From: nospam@needed.invalid   
      
   On Wed, 2/4/2026 6:29 PM, Lars Poulsen wrote:   
   > On 2026-02-03, Paul wrote:   
   >> On Tue, 2/3/2026 9:52 AM, Lars Poulsen wrote:   
   >>> Several times in the last few days, I have observed this behavior:   
   >>>   
   >>> I am reading a website using Microsoft Edge on my Windoes-11 desktop.   
   >>> Suddenly, my screen goes black for 5-10 seconds, and then re-appears   
   >>> looking very unfamiliar. A little poking around reveals that the   
   >>> desktop scale factor in the display setting has been changed from 125%   
   >>> to 300%. After I set it back (and rearrange the open windows back to   
   >>> where I want them), it is still working.   
   >>>   
   >>> Has anyone else seen that, and what might cause it?   
   >>>   
   >>   
   >> Open the Settings wheel, in the search box enter "Relia"   

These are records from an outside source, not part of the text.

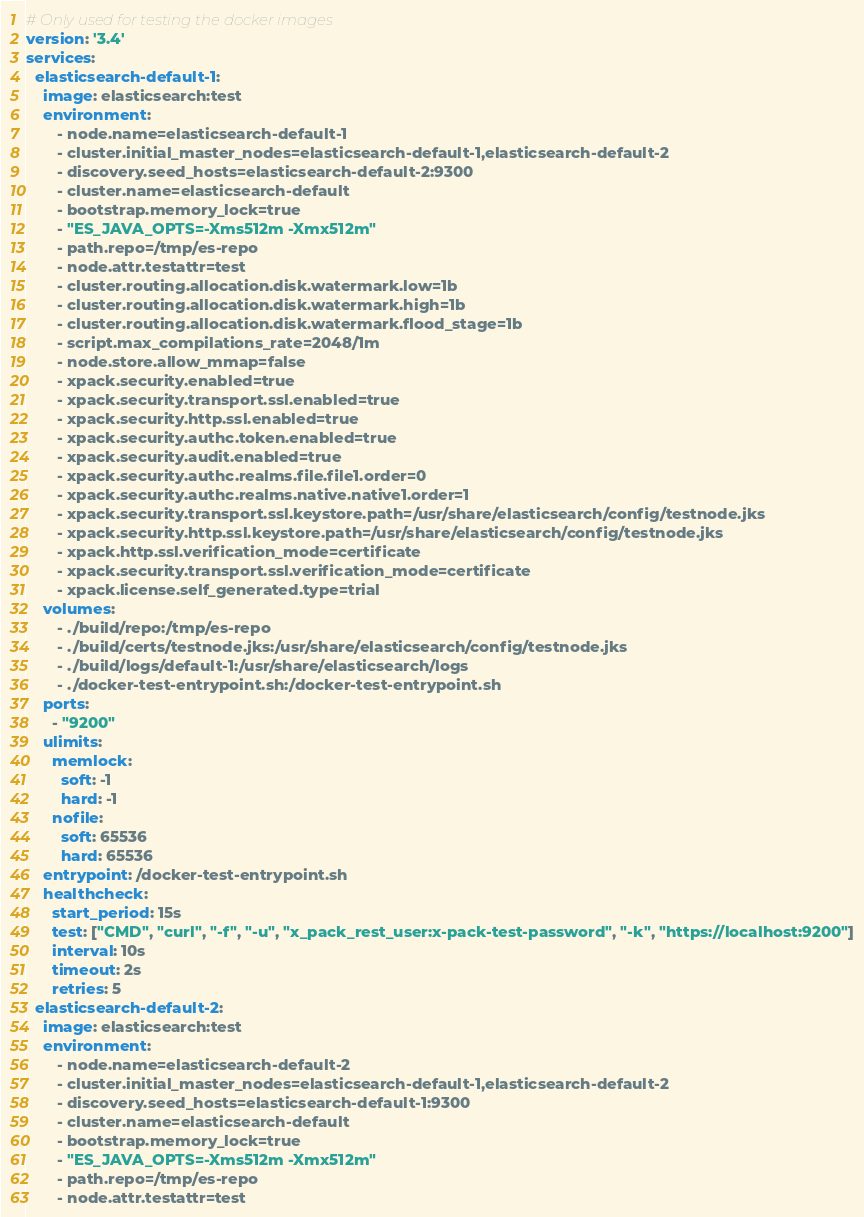Convert code to text. <code><loc_0><loc_0><loc_500><loc_500><_YAML_># Only used for testing the docker images
version: '3.4'
services:
  elasticsearch-default-1:
    image: elasticsearch:test
    environment:
       - node.name=elasticsearch-default-1
       - cluster.initial_master_nodes=elasticsearch-default-1,elasticsearch-default-2
       - discovery.seed_hosts=elasticsearch-default-2:9300
       - cluster.name=elasticsearch-default
       - bootstrap.memory_lock=true
       - "ES_JAVA_OPTS=-Xms512m -Xmx512m"
       - path.repo=/tmp/es-repo
       - node.attr.testattr=test
       - cluster.routing.allocation.disk.watermark.low=1b
       - cluster.routing.allocation.disk.watermark.high=1b
       - cluster.routing.allocation.disk.watermark.flood_stage=1b
       - script.max_compilations_rate=2048/1m
       - node.store.allow_mmap=false
       - xpack.security.enabled=true
       - xpack.security.transport.ssl.enabled=true
       - xpack.security.http.ssl.enabled=true
       - xpack.security.authc.token.enabled=true
       - xpack.security.audit.enabled=true
       - xpack.security.authc.realms.file.file1.order=0
       - xpack.security.authc.realms.native.native1.order=1
       - xpack.security.transport.ssl.keystore.path=/usr/share/elasticsearch/config/testnode.jks
       - xpack.security.http.ssl.keystore.path=/usr/share/elasticsearch/config/testnode.jks
       - xpack.http.ssl.verification_mode=certificate
       - xpack.security.transport.ssl.verification_mode=certificate
       - xpack.license.self_generated.type=trial
    volumes:
       - ./build/repo:/tmp/es-repo
       - ./build/certs/testnode.jks:/usr/share/elasticsearch/config/testnode.jks
       - ./build/logs/default-1:/usr/share/elasticsearch/logs
       - ./docker-test-entrypoint.sh:/docker-test-entrypoint.sh
    ports:
      - "9200"
    ulimits:
      memlock:
        soft: -1
        hard: -1
      nofile:
        soft: 65536
        hard: 65536
    entrypoint: /docker-test-entrypoint.sh
    healthcheck:
      start_period: 15s
      test: ["CMD", "curl", "-f", "-u", "x_pack_rest_user:x-pack-test-password", "-k", "https://localhost:9200"]
      interval: 10s
      timeout: 2s
      retries: 5
  elasticsearch-default-2:
    image: elasticsearch:test
    environment:
       - node.name=elasticsearch-default-2
       - cluster.initial_master_nodes=elasticsearch-default-1,elasticsearch-default-2
       - discovery.seed_hosts=elasticsearch-default-1:9300
       - cluster.name=elasticsearch-default
       - bootstrap.memory_lock=true
       - "ES_JAVA_OPTS=-Xms512m -Xmx512m"
       - path.repo=/tmp/es-repo
       - node.attr.testattr=test</code> 
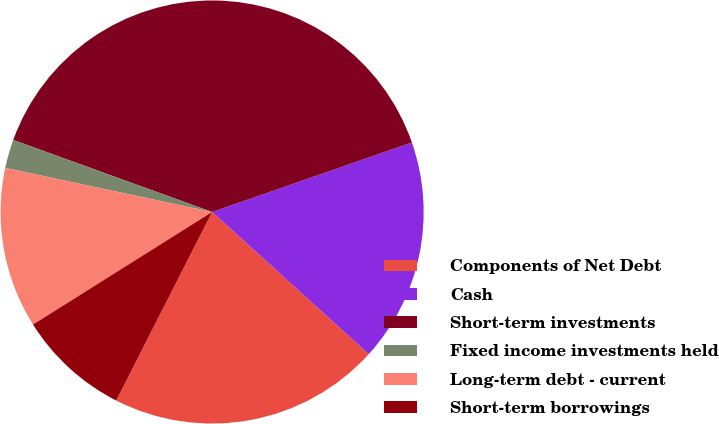Convert chart to OTSL. <chart><loc_0><loc_0><loc_500><loc_500><pie_chart><fcel>Components of Net Debt<fcel>Cash<fcel>Short-term investments<fcel>Fixed income investments held<fcel>Long-term debt - current<fcel>Short-term borrowings<nl><fcel>20.76%<fcel>17.06%<fcel>39.13%<fcel>2.19%<fcel>12.27%<fcel>8.58%<nl></chart> 
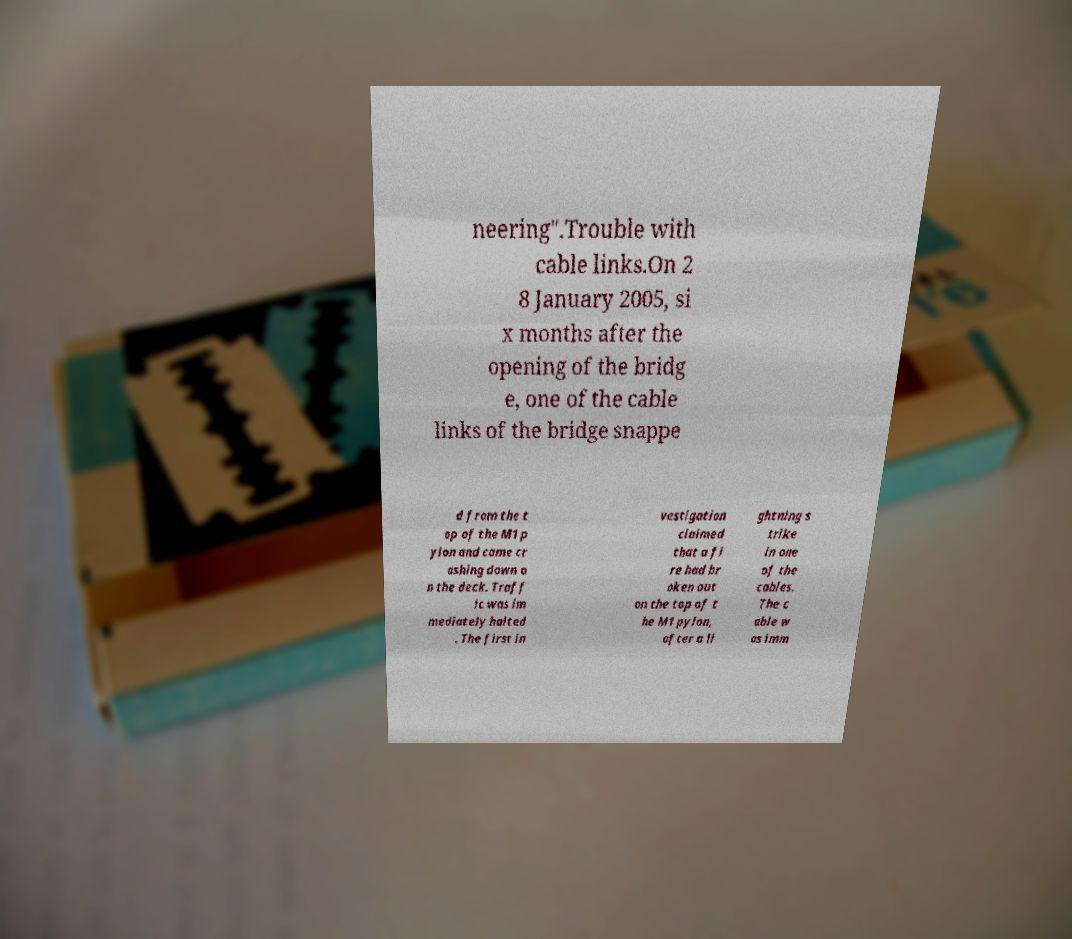What messages or text are displayed in this image? I need them in a readable, typed format. neering".Trouble with cable links.On 2 8 January 2005, si x months after the opening of the bridg e, one of the cable links of the bridge snappe d from the t op of the M1 p ylon and came cr ashing down o n the deck. Traff ic was im mediately halted . The first in vestigation claimed that a fi re had br oken out on the top of t he M1 pylon, after a li ghtning s trike in one of the cables. The c able w as imm 
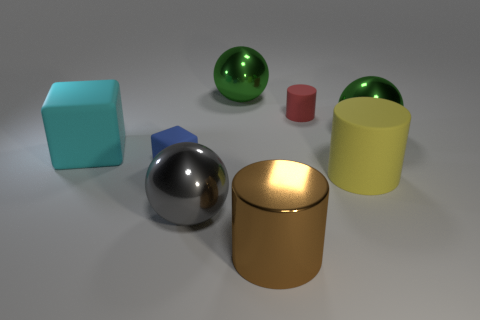Is there any other thing of the same color as the tiny matte cylinder?
Your response must be concise. No. Is the blue object made of the same material as the thing in front of the gray ball?
Give a very brief answer. No. What is the material of the other big thing that is the same shape as the large yellow object?
Your response must be concise. Metal. Do the small object to the left of the small red cylinder and the large cylinder to the right of the large metallic cylinder have the same material?
Make the answer very short. Yes. There is a block behind the tiny object that is in front of the tiny thing behind the big cyan thing; what color is it?
Keep it short and to the point. Cyan. What number of other things are there of the same shape as the red matte object?
Ensure brevity in your answer.  2. Do the metallic cylinder and the big matte cube have the same color?
Offer a terse response. No. How many things are cubes or gray spheres that are on the right side of the big cyan object?
Your answer should be very brief. 3. Are there any yellow metal blocks of the same size as the yellow thing?
Offer a terse response. No. Is the material of the large brown thing the same as the red object?
Offer a terse response. No. 
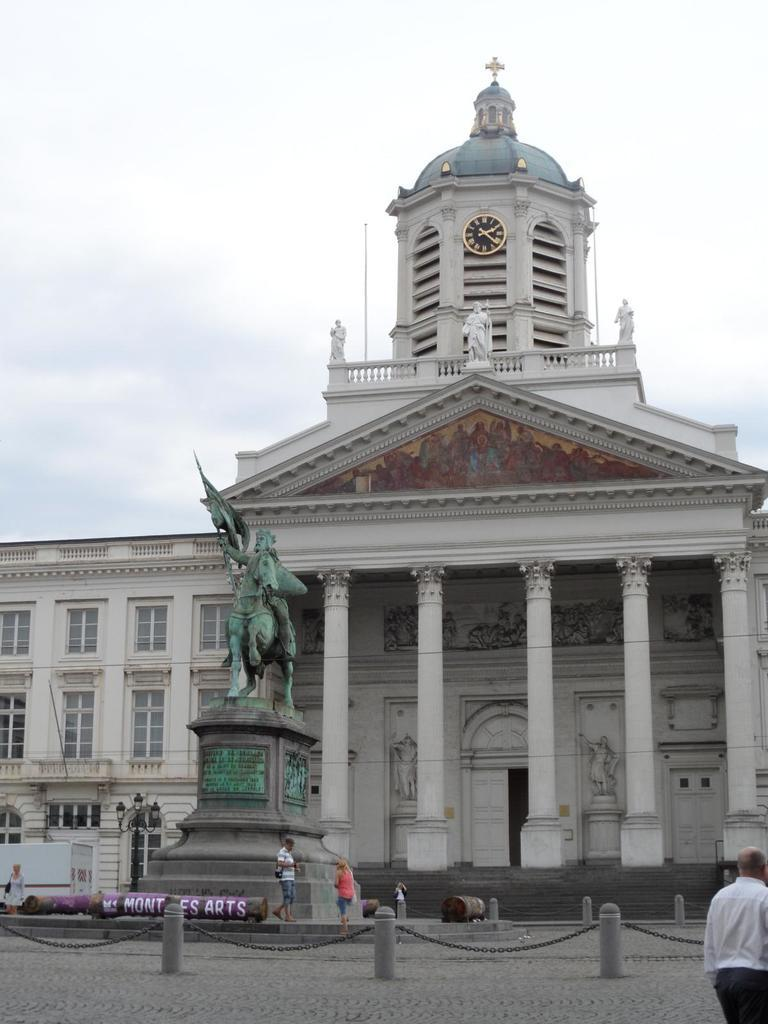What type of structure can be seen in the image? There is a building in the image. What time-telling device is present in the image? There is a clock in the image. What type of decorative figures are in the image? There are statues in the image. What type of street light is visible in the image? There is a light pole in the image. What mode of transportation is present in the image? There is a vehicle in the image. What architectural feature can be seen in the image? There are windows in the image. What type of support structure is present in the image? There are pillars in the image. What type of commemorative marker is present in the image? There is a memorial stone in the image. Are there any human figures in the image? Yes, there are people in the image. What type of entrance is present in the image? There is a door in the image. What type of restraining device is present in the image? There are chains in the image. What is the weather condition in the image? The sky is cloudy in the image. Where is the cub playing in the image? There is no cub present in the image. What type of bed can be seen in the image? There is no bed present in the image.

   >> to find the Reliability Monitor.   
   >>   
   >> In the Reliability Monitor, there will probably be an   
   >> NVidia entry with a driver issue. Video drivers have   
   >> a watchdog, that checks that the interface is responsive   
   >> to incoming commands. The OS is likely trying to recover the driver.   
   >   
   > The log I see in the reliability monitor display, appears to show when   
   > updates were installed. There are no events for the times I saw the   
   > event happening. The machine in question is a mini-pc   
   >   
   > MINIX NGC-NR660   
   > AMD Ryzen 5 - 6600H (6 cores, 12 threads)   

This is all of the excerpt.